» **INFORMATION PROVIDED**:
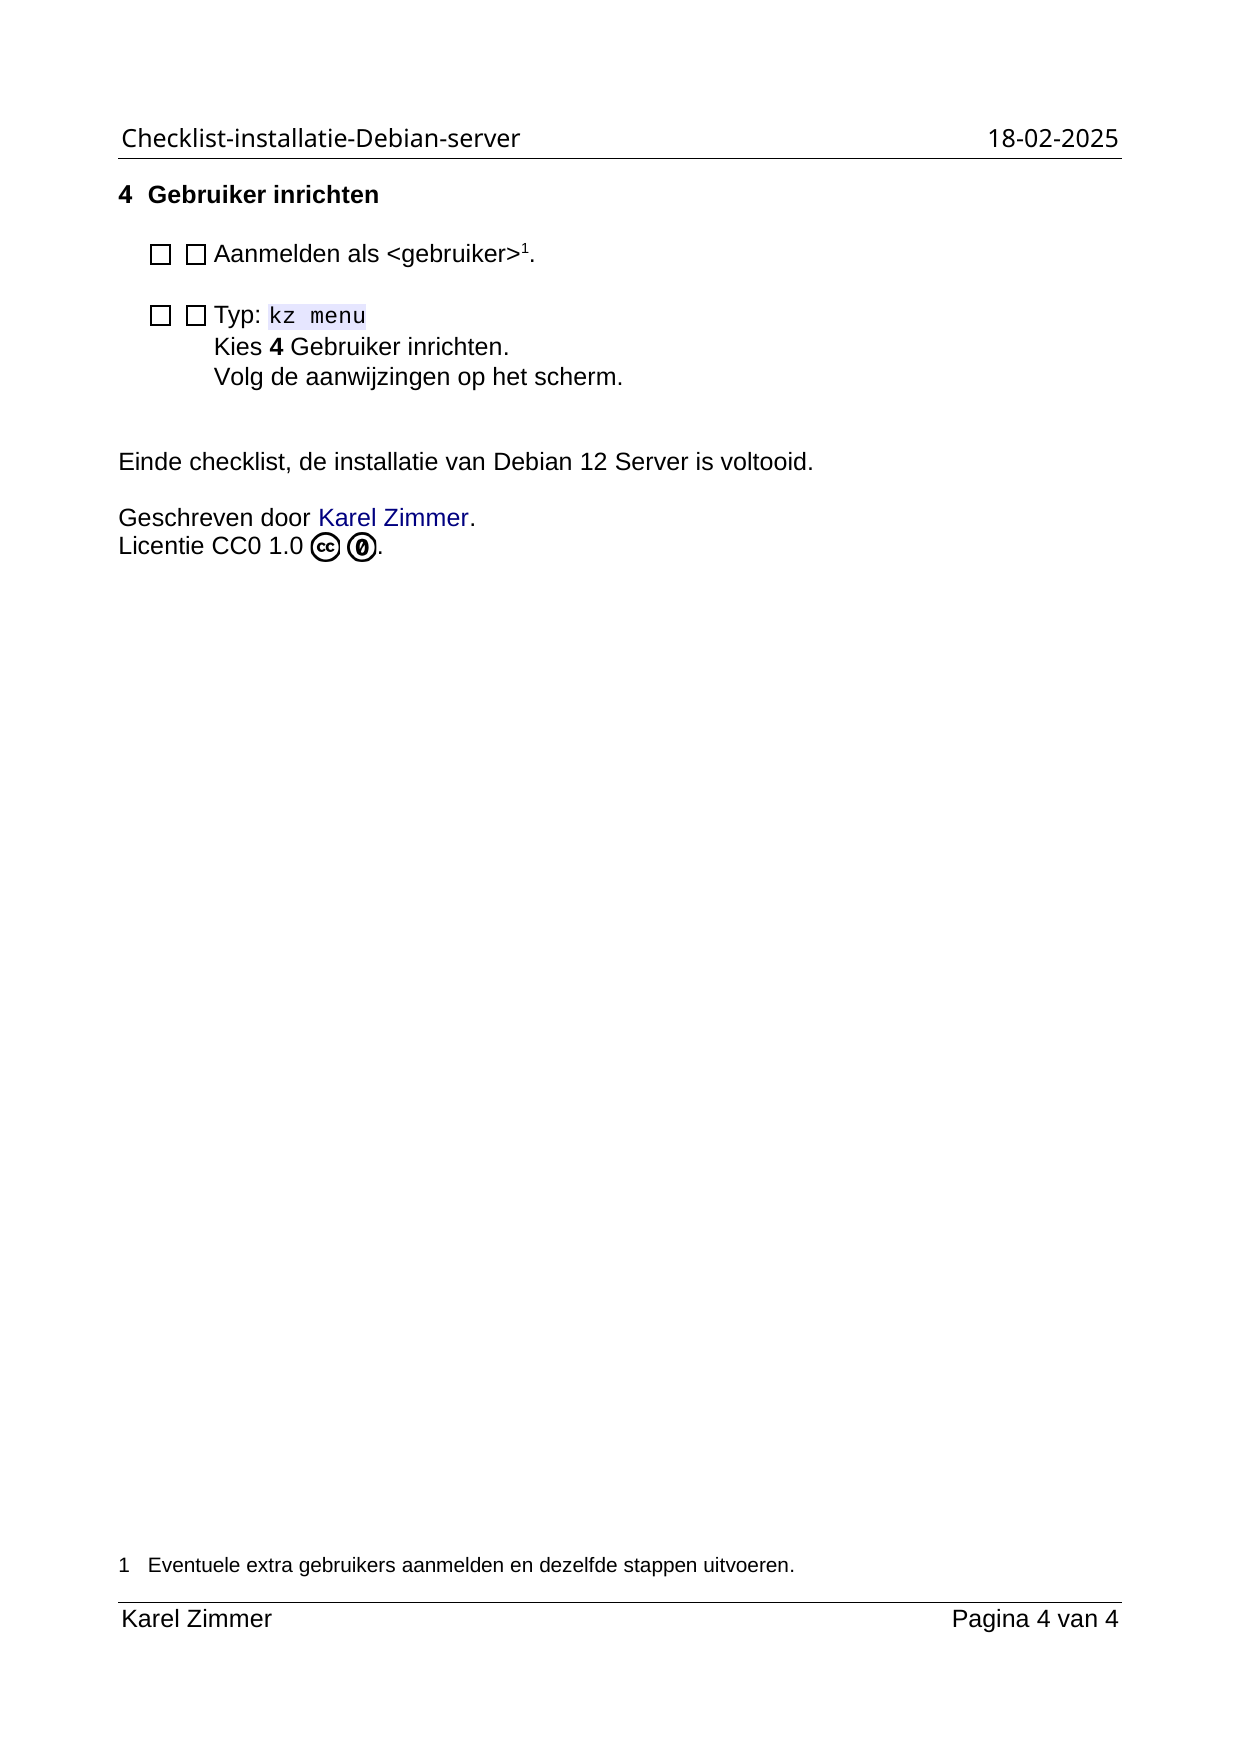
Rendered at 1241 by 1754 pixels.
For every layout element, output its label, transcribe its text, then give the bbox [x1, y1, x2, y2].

==

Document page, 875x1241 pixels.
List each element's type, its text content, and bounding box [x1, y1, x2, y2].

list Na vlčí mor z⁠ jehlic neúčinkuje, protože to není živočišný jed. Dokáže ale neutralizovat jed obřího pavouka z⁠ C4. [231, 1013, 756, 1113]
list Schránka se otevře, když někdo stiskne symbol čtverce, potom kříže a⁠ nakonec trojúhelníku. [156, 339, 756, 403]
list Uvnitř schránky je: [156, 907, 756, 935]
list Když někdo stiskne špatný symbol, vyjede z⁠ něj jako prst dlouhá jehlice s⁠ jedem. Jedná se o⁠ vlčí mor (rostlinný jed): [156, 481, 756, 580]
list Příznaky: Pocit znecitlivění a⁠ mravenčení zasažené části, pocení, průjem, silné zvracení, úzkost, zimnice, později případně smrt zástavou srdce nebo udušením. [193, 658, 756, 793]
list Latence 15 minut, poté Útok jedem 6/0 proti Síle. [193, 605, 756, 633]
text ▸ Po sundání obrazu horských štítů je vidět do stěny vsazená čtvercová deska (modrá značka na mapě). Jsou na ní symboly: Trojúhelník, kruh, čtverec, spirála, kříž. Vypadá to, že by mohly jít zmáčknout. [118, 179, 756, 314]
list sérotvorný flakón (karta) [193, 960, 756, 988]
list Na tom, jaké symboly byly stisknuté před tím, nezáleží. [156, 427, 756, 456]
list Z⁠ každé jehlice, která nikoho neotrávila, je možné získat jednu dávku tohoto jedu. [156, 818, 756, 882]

==

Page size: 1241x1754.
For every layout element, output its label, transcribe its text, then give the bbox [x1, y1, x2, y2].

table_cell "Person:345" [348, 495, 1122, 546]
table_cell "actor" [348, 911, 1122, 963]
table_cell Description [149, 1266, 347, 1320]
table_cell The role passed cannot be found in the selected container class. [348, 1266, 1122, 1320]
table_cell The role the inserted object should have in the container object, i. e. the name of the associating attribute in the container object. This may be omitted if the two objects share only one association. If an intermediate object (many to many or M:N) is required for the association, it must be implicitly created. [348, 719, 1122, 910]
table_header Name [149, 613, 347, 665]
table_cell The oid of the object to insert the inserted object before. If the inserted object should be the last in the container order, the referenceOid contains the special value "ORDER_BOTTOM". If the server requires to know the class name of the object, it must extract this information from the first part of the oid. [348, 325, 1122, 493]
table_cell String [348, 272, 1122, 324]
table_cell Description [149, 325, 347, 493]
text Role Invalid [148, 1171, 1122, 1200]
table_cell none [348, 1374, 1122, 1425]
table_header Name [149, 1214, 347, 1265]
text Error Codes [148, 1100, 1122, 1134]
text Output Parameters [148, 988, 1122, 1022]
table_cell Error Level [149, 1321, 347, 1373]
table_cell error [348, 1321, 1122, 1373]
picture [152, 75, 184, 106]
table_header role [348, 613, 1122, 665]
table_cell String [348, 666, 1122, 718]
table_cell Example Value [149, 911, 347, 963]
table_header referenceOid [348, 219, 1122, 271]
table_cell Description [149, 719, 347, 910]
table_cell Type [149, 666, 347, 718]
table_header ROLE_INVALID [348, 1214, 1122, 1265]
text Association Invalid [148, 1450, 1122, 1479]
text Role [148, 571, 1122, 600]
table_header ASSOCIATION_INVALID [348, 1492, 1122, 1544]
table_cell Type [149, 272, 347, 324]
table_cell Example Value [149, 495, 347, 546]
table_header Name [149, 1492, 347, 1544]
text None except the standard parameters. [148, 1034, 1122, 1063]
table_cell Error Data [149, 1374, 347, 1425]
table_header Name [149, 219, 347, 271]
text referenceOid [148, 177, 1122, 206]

» **PROBLEM STATEMENT**:
Go through the entries above and count each line that contains the string "pixels". Reply only with the total.

» **ANSWER TO THE EXERCISE**:
2